The notion of sustainable growth rate (SGR) has been defined and redefined over the past few decades. In general it refers to the rate of growth that can be maintained over the long-term without depleting the earth’s resources or damaging the environment.
The challenges in operationalizing the concept of SGR are many. First what exactly are the earth’s resources? Second how do we determine the environmental carrying capacity for different types of growth? Third how do we take into account the time horizon over which the growth takes place? And fourth how do we account for the distributional impacts of growth both within and across generations?
The most commonly used measure of SGR is the ecological footprint (EF) which was developed by Rees and Wackernagel in 1996. The EF is a measure of the impact of human activity on the planet expressed as the amount of biologically productive land and water required to support a given population at a specific material standard of living. It is basically a measure of the human demand on the planet’s regenerative capacity.
The ecological footprint has been used to estimate the SGR for different countries and regions. The results vary depending on the data and methodology used but a recent study by Global Footprint Network found that on average the world’s nations are consuming resources at a rate 1.6 times faster than what nature can regenerate. This means that if current trends continue we will need the equivalent of two Earths to support our current level of consumption by the year 2030.

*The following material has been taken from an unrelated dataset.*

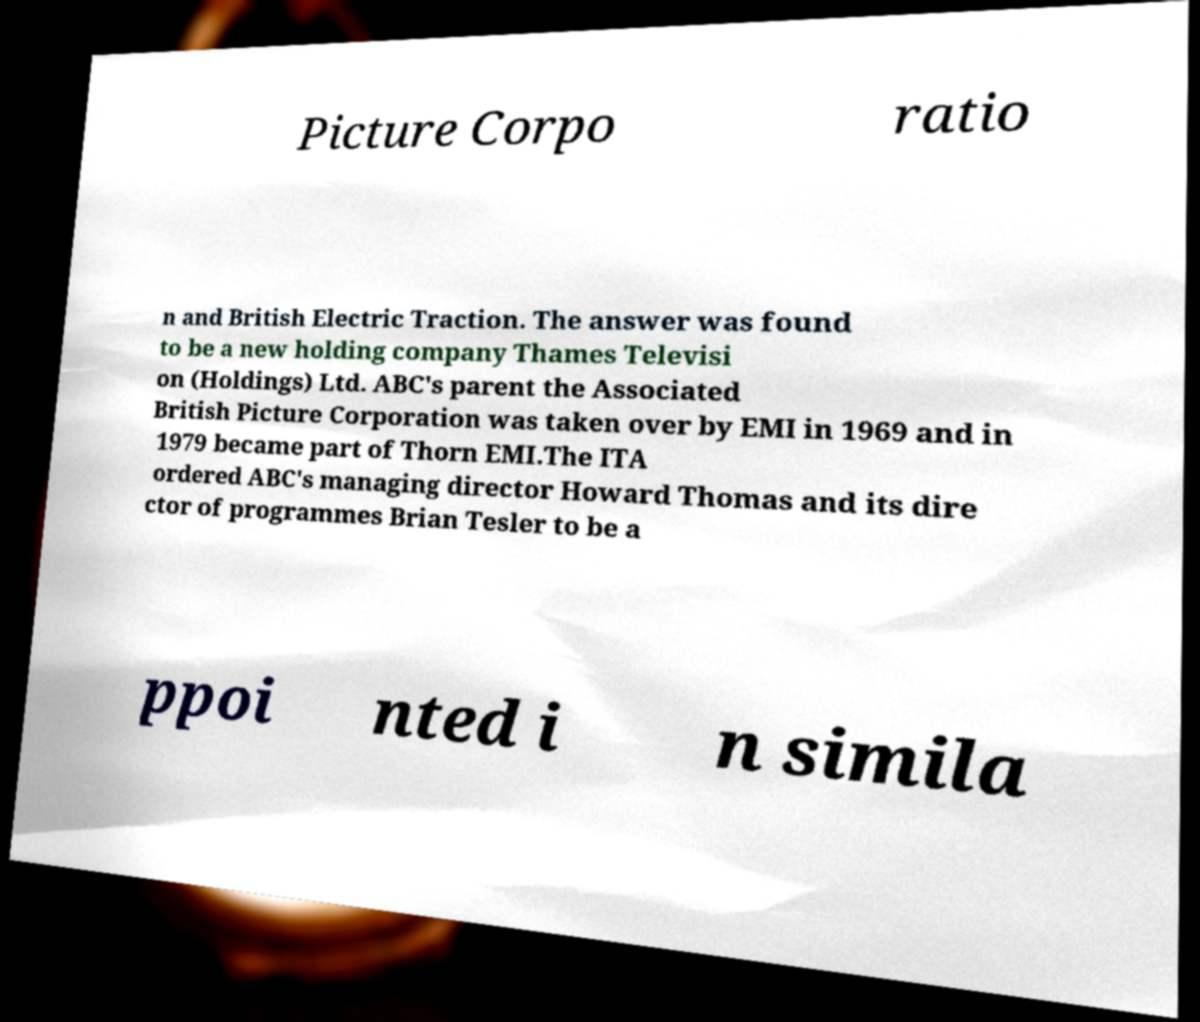Please identify and transcribe the text found in this image. Picture Corpo ratio n and British Electric Traction. The answer was found to be a new holding company Thames Televisi on (Holdings) Ltd. ABC's parent the Associated British Picture Corporation was taken over by EMI in 1969 and in 1979 became part of Thorn EMI.The ITA ordered ABC's managing director Howard Thomas and its dire ctor of programmes Brian Tesler to be a ppoi nted i n simila

There are a number of different ways to reduce our ecological footprint and thus help achieve sustainable growth. One is to improve resource efficiency for example by using less water energy and materials per unit of economic output. Another is to shift to less resource-intensive economic activities such as moving from manufacturing to services. And a third is to change our consumption patterns for example by eating less meat or driving less.
The concept of SGR is important because it helps to focus our attention on the need to achieve sustainable growth – growth that can be maintained over the long-term without damaging the planet or depleting its resources. But operationalizing the concept is fraught with challenges not least of which is the need to better understand the earth’s carrying capacity for different types of growth.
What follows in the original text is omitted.